Missing observations from air pollution monitoring networks have posed a longstanding problem for health investigators of air pollution. Growing interest in mixtures of air pollutants has further complicated this problem, as many new challenges have arisen that require development of novel methods. The objective of this study is to develop a methodology for multivariate prediction of air pollution. We focus specifically on tackling different forms of missing data, such as: spatial (sparse sites), outcome (pollutants not measured at some sites), and temporal (varieties of interrupted time series). To address these challenges, we develop a novel multivariate fusion framework, which leverages the observed inter-pollutant correlation structure to reduce error in the simultaneous prediction of multiple air pollutants. Our joint fusion model employs predictions from the Environmental Protection Agency's Community Multiscale Air Quality (CMAQ) model along with spatio-temporal error terms. We have implemented our models on both simulated data and a case study in South Carolina for 8 pollutants over a 28-day period in June 2006. We found that our model, which uses a multivariate correlated error in a Bayesian framework, showed promising predictive accuracy particularly for gaseous pollutants.

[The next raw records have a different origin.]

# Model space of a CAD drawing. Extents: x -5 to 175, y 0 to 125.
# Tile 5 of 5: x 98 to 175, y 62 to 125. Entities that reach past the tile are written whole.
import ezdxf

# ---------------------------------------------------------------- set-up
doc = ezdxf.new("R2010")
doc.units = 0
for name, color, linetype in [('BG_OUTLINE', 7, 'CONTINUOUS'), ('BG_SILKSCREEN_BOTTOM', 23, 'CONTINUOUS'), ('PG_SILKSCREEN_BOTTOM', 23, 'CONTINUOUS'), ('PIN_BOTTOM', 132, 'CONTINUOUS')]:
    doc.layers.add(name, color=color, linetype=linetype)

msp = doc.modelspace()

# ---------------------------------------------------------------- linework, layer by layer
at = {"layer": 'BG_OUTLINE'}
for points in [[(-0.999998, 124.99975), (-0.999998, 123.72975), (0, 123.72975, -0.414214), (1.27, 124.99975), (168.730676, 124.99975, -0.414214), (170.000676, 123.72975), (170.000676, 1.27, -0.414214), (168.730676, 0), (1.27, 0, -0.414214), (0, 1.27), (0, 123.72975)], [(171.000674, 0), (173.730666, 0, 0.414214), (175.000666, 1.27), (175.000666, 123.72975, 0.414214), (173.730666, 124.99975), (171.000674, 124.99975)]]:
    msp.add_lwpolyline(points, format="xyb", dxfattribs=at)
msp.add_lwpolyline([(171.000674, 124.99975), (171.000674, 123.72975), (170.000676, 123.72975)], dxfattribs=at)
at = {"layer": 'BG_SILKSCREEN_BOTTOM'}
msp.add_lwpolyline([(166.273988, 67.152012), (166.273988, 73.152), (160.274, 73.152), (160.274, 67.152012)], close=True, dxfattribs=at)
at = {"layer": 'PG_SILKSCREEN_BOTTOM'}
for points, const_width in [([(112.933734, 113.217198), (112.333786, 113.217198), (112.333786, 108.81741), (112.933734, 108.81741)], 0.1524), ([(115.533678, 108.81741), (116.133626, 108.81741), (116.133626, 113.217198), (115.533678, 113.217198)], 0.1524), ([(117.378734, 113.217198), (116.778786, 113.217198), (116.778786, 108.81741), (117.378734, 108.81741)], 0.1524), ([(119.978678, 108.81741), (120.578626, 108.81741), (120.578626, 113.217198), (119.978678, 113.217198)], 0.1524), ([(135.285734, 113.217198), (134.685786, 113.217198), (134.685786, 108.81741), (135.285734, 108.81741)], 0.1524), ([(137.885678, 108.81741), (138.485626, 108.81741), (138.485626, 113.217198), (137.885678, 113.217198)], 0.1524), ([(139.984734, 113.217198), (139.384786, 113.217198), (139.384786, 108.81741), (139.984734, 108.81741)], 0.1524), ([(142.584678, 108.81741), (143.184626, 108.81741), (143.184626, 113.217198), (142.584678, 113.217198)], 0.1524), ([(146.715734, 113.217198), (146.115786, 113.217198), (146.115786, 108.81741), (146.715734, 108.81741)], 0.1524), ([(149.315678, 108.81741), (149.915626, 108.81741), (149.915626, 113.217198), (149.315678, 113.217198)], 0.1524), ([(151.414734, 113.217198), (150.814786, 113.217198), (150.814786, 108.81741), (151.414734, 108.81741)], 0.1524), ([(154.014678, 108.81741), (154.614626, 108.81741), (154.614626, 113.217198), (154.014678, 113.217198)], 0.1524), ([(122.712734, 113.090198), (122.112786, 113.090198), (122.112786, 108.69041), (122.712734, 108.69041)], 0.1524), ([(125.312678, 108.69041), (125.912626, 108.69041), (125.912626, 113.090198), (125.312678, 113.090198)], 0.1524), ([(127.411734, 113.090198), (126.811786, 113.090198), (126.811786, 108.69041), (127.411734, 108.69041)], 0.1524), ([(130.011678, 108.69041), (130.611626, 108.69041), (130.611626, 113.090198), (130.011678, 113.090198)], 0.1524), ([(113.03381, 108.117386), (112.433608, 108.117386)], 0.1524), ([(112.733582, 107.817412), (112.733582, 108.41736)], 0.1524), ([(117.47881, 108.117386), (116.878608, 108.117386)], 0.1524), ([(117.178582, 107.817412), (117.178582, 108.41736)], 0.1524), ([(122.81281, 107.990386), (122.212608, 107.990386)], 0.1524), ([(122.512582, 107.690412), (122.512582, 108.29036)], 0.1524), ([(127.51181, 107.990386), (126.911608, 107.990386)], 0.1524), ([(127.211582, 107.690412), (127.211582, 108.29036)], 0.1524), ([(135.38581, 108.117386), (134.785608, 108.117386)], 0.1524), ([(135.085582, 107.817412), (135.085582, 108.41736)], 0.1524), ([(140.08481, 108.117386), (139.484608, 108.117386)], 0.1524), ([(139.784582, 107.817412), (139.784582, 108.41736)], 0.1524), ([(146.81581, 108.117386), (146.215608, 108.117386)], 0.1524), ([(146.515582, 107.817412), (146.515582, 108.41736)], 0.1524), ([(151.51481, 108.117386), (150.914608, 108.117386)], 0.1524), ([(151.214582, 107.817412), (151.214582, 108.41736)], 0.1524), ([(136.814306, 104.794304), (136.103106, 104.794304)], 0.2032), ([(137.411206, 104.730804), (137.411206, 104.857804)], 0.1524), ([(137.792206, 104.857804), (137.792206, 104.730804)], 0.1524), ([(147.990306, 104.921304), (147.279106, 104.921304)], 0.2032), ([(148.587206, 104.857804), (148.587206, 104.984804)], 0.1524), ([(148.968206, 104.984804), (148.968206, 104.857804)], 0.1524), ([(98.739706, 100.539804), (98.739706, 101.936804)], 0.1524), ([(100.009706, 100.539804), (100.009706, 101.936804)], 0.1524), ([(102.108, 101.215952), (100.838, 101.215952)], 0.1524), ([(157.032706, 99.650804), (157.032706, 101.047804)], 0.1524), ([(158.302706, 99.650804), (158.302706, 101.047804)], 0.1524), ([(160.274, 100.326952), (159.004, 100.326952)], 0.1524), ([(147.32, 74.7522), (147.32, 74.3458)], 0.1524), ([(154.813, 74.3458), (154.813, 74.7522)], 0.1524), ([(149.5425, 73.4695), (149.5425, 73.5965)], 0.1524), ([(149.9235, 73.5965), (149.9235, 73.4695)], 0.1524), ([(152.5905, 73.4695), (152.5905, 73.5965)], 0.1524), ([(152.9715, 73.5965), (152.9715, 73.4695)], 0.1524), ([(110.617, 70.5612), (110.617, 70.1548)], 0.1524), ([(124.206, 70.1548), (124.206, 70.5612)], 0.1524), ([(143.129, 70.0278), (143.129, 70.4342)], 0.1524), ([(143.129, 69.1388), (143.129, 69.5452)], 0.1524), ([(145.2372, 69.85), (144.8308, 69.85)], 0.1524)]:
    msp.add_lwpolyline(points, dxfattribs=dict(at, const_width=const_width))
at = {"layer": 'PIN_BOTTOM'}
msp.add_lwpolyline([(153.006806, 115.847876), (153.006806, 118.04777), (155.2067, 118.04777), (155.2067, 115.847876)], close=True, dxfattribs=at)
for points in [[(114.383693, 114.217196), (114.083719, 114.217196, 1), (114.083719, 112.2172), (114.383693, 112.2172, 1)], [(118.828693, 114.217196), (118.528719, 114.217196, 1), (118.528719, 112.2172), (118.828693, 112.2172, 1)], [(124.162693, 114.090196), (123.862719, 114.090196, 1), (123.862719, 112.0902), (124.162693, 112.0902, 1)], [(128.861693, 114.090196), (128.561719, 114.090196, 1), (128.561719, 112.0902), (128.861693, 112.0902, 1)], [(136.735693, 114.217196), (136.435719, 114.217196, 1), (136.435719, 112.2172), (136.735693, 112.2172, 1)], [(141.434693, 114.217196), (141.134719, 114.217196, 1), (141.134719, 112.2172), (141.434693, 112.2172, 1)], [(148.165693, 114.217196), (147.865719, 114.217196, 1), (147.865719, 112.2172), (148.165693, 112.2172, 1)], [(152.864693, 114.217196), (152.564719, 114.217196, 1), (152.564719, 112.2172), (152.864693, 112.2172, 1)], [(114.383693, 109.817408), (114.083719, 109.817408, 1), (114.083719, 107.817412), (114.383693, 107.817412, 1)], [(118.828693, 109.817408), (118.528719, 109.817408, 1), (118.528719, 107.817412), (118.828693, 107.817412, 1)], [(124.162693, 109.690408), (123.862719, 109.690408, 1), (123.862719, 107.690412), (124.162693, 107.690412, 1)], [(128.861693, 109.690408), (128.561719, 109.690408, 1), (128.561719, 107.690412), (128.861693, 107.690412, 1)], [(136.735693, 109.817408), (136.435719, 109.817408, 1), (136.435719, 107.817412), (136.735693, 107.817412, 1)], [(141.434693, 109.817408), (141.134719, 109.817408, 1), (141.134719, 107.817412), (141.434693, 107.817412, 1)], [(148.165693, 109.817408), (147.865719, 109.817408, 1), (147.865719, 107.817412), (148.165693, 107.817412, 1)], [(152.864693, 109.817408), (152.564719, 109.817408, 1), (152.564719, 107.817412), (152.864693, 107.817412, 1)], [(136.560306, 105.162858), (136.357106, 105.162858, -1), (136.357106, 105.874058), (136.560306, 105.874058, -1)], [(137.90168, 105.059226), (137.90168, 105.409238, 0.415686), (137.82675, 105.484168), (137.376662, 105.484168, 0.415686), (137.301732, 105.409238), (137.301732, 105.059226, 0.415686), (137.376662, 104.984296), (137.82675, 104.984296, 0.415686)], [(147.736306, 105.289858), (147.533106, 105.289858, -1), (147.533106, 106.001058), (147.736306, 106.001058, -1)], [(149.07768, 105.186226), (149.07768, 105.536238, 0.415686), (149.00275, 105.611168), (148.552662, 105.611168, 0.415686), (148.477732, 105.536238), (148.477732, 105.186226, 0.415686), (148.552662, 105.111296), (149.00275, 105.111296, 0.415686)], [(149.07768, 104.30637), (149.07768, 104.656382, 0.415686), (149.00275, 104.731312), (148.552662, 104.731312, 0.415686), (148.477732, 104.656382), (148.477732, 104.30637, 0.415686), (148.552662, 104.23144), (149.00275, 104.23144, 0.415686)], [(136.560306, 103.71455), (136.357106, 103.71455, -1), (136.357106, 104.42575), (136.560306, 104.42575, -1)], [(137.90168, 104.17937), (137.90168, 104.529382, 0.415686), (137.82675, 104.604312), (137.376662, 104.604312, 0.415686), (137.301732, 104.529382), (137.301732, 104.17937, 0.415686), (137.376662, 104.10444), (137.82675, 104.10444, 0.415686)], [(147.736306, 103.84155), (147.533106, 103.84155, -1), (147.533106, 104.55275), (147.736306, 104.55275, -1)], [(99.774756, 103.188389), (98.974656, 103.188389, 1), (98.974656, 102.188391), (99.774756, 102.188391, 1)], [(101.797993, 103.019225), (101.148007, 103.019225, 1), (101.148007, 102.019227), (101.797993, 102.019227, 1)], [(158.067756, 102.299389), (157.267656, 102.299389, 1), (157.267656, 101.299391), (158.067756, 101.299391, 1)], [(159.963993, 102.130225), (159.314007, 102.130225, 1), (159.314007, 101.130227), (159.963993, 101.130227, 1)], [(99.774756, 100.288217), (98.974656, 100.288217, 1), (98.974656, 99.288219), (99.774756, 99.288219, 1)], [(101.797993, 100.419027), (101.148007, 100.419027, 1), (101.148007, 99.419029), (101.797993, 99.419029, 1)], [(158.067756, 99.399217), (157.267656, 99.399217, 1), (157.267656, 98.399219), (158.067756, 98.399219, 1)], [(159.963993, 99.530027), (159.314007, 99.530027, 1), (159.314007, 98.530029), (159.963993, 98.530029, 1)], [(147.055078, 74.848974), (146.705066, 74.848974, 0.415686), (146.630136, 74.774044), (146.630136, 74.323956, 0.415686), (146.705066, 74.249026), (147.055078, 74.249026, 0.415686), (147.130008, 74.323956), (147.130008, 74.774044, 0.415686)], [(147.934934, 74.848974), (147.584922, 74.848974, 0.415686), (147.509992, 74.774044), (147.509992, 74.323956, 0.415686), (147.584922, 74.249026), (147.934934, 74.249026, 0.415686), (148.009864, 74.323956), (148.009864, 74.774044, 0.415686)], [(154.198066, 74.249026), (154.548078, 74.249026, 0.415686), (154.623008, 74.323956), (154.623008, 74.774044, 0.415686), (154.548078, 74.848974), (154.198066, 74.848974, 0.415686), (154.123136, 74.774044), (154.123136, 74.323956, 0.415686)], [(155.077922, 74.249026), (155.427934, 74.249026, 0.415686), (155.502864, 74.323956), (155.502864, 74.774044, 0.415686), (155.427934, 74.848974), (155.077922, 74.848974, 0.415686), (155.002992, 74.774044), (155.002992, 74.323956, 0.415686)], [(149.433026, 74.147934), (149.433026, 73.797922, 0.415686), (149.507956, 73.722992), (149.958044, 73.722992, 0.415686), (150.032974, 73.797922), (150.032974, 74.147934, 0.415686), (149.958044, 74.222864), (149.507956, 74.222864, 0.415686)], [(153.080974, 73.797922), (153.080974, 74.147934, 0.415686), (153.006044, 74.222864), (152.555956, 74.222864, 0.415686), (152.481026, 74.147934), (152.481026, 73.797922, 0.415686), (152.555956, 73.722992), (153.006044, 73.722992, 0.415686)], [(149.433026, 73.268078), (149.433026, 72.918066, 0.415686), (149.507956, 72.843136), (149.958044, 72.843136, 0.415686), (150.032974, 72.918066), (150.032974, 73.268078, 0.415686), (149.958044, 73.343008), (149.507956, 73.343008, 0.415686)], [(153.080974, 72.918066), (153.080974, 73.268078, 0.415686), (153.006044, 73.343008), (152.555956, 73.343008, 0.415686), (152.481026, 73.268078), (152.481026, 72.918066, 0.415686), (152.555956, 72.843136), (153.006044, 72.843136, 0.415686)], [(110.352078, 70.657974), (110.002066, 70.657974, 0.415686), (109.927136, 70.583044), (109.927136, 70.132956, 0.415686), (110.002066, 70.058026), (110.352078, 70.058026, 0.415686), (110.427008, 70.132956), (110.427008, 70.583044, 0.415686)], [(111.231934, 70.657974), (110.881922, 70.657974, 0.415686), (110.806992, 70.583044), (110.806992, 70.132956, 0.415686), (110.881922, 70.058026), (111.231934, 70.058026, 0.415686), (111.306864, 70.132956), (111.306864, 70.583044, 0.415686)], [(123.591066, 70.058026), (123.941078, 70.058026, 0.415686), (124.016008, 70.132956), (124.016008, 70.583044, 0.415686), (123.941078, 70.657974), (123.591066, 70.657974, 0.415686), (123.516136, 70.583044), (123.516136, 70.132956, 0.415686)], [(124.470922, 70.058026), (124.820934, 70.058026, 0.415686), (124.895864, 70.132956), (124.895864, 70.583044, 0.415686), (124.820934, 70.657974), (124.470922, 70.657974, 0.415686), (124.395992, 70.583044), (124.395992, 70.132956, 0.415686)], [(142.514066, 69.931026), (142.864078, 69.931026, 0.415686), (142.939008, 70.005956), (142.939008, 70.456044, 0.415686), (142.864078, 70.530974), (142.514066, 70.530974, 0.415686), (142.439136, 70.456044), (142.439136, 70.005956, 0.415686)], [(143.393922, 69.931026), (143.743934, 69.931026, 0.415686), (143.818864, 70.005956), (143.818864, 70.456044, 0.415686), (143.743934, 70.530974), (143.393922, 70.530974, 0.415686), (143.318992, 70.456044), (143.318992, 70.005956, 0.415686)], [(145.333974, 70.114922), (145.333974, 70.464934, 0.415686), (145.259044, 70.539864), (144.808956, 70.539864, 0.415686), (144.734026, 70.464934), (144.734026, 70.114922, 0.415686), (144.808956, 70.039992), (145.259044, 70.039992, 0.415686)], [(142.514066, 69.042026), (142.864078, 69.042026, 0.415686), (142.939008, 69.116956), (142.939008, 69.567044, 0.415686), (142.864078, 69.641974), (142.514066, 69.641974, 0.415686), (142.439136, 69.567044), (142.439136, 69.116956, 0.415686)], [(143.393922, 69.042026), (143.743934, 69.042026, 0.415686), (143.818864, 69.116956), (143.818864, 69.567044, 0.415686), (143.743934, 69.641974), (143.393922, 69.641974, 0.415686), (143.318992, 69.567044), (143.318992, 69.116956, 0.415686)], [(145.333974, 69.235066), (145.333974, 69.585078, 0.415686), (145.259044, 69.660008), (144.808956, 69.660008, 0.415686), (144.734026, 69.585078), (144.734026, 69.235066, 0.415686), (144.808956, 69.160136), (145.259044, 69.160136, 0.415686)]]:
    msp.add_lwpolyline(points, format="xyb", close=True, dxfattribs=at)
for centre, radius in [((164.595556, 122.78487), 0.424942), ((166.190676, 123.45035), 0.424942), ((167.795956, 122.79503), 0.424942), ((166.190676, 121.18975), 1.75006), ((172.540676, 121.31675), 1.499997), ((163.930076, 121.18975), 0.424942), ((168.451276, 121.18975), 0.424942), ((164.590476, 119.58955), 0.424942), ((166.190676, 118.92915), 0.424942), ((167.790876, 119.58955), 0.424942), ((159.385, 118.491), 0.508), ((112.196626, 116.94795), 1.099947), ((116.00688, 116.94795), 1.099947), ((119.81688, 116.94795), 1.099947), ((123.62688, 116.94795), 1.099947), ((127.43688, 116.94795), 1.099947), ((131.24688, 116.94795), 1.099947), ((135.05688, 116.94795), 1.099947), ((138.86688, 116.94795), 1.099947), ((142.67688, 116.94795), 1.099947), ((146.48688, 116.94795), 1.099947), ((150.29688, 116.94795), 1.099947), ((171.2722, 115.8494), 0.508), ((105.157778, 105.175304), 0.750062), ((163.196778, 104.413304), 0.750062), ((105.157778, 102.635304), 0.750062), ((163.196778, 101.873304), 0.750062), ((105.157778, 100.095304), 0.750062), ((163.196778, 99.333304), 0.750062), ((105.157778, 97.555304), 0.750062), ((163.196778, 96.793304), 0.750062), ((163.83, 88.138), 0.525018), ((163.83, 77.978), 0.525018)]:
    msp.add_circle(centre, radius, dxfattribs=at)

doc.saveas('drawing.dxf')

空气污染监测网络中观测数据的缺失,长期以来一直困扰着空气污染健康领域的研究人员。随着人们对空气污染物混合物的兴趣日益浓厚,这个问题变得更加复杂,因为出现了许多新挑战,需要开发新的方法。本研究的目的是开发一种空气污染多元预测方法。我们特别关注解决不同形式的缺失数据,例如:空间(监测站点稀疏)、结果(某些站点未测量的污染物)和时间(各种中断的时间序列)。为应对这些挑战,我们开发了一种新颖的多元融合框架,该框架利用观测到的污染物间相关结构,以减少多种空气污染物同时预测时的误差。我们的联合融合模型采用了美国环境保护局社区多尺度空气质量(CMAQ)模型的预测结果以及时空误差项。我们已将模型应用于模拟数据以及2006年6月在南卡罗来纳州进行的为期28天的8种污染物案例研究。我们发现,我们在贝叶斯框架中使用多元相关误差的模型,显示出了良好的预测准确性,尤其是对于气态污染物。